In: THE KETOGENIC DIET IN EPILEPSY: CLINICAL PRACTICE AND SCIENTIFIC
BASIS, C.E. Stafstrom, J. M. Rho (Editors), Humana Press 2004, Totowa, NJ
*AFTERWORD
"Things I Wish They Had Told Us: A Parent's Perspective
on Childhood
Epilepsy"
*Jim Abrahams
The Charlie Foundation
/"IMPRESSION: It is my impression that Charlie has a mixed seizure disorder,
mostly likely a variation of Lennox-Gastaut syndrome. Parents are full aware
of the ramifications of this diagnosis. Although there are many traditional
combinations and permutations of drugs that could be used here, I agree with
the current approach. It is my understandin that the next drug to be tried
is a combination of Felbamate and Tegretol with which I have no problem. I
would also consider the combination of Felbamate with Valproate with perhaps
a benzodiazepine. In addition, one wonders if the Felbamate could be pushed
to an eve higher dose than it is now, since we really do not know what the
maximum dose of Felbamate is in young children. Another possibility is high-dose
Valproate monotherapy. One other alternative therapy which I have mentioned
to the family, but only reluctantly because of the high
incidence of side-effects is high-dose ACTH. The problem is that while high-dose
ACTH may be effective in stopping the seizures, they almost
always recur as the dose is tapered. This makes one wonder if the risk-benefit
ratio justifies the use of this somewhat dangerous mode of therapy. Finally
think that if all pharmacological or theraputic modalities fail, I would seriously
consider a corpus callosotomy on this child. A corpus callosotomy would not
be curative of all the seizure types, but may help the most troublesome part
of his seizure complex, i.e. the "drops.”

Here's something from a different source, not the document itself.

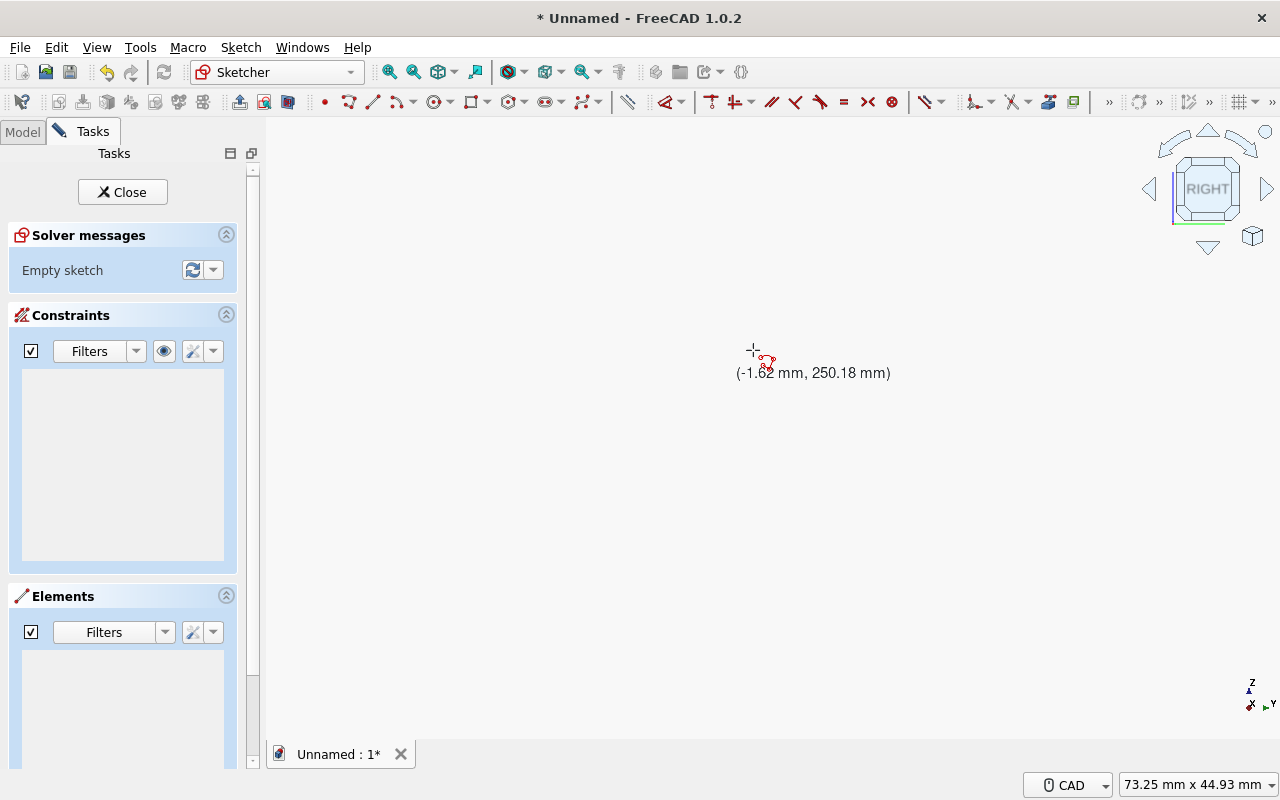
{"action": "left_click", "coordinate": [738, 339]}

I excerpted the above from a medical report we received on our son, Charlie.
It’s not really necessary to mention the name of
the doctor who wrote it. Suffice it to say he was the fifth pediatric neurologist
my wife and I had taken Charlie to see in the year he had been experiencing
seizures -- four of whom ran pediatric neurology departments at esteemed university
hospitals around the United States. They all concurred. Yes, there were some
variations in drug
combinations suggested, and I’m sure that to a certain extent
this report dates itself in that there are new drugs available today. But the
reason I begin with this “impression” is
not so much for what it says, but rather for what it doesn’t
-- what it and all the doctors who examined Charlie never told us.
Today, nine years later, I think back to those days, and realize how much time was lost, how much unnecessary damage was done to Charlie’s life, and as a result, how much needless pain was, and continues to be, experienced by Charlie and all of us who love him -- all because information was not shared. I know the value of “ifs,” but sometimes I can’t help myself: If only the first time we walked into a neurologist’s office someone had handed us a pamphlet, recommended a book or taken the time to tell us just some of the following information we have learned since then...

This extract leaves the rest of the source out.